= Günther Zuntz =

German-born classical philologist (1902–1992)

Günther Zuntz (28 January 1902 – 3 April 1992), German-English classical philologist, professor of Hellenistic Greek and Bible scholar.

== Life and career ==
He obtained a D.Phil. from the University of Marburg in 1928 and was later a professor at the University of Manchester.

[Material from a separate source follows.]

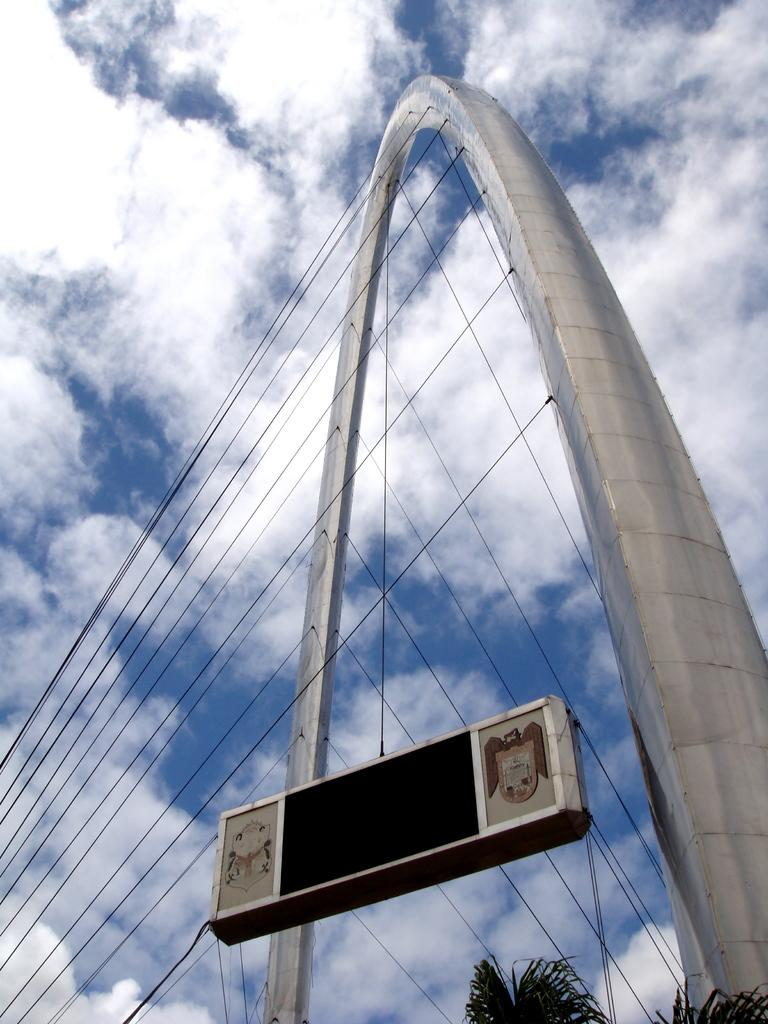What is the main structure in the center of the image? There is an arch in the center of the image. What else can be seen in the center of the image? There are wires, a banner, and a tree in the center of the image. What is visible in the background of the image? The sky is visible in the background of the image, and there are clouds present. What type of trousers are hanging on the tree in the image? There are no trousers present in the image; the tree is not associated with any clothing items.

Zuntz was born in Berlin in 1902. In 1933 he emigrated to England, because of racial persecutions.

== Scholarship ==
In 1971, Zuntz published his Persephone, which contained an edition of the Gold Tablets with commentary. The initial set of tablets was discovered in the late 19th century by Domenico Comparetti, who believed they belonged to an "Orphic and Bacchic" mystery cult. Zuntz, whose work was published in a period of relative scepticism in Orphic studies, argued against Comparetti's interpretation, instead viewing the texts as Pythagorean. His edition contained several new tablets which had been discovered since Comparetti's time: three from near Eleutherna in Crete, and one from Pharsalos in Thessaly. (Note: Graf & Johnston. For the contents of these tablets, see Graf & Johnston.) Zuntz also introduced a division of the tablets into two groups, which he labelled A and B. The A tablets all derive from Thurii, Italy, and contain requests to gods of the underworld for release from repeated reincarnation, while the B group contains all of the remaining tablets.

Zuntz examined the Greek text of the Pauline epistles.

== Publications ==
- Zuntz G. (1953). "The Text of the Epistles"
- Zuntz, G. Persephone: Three Essays on Religion and Thought in Magna Graecia. Oxford: Clarendon Press, 1971. Internet Archive.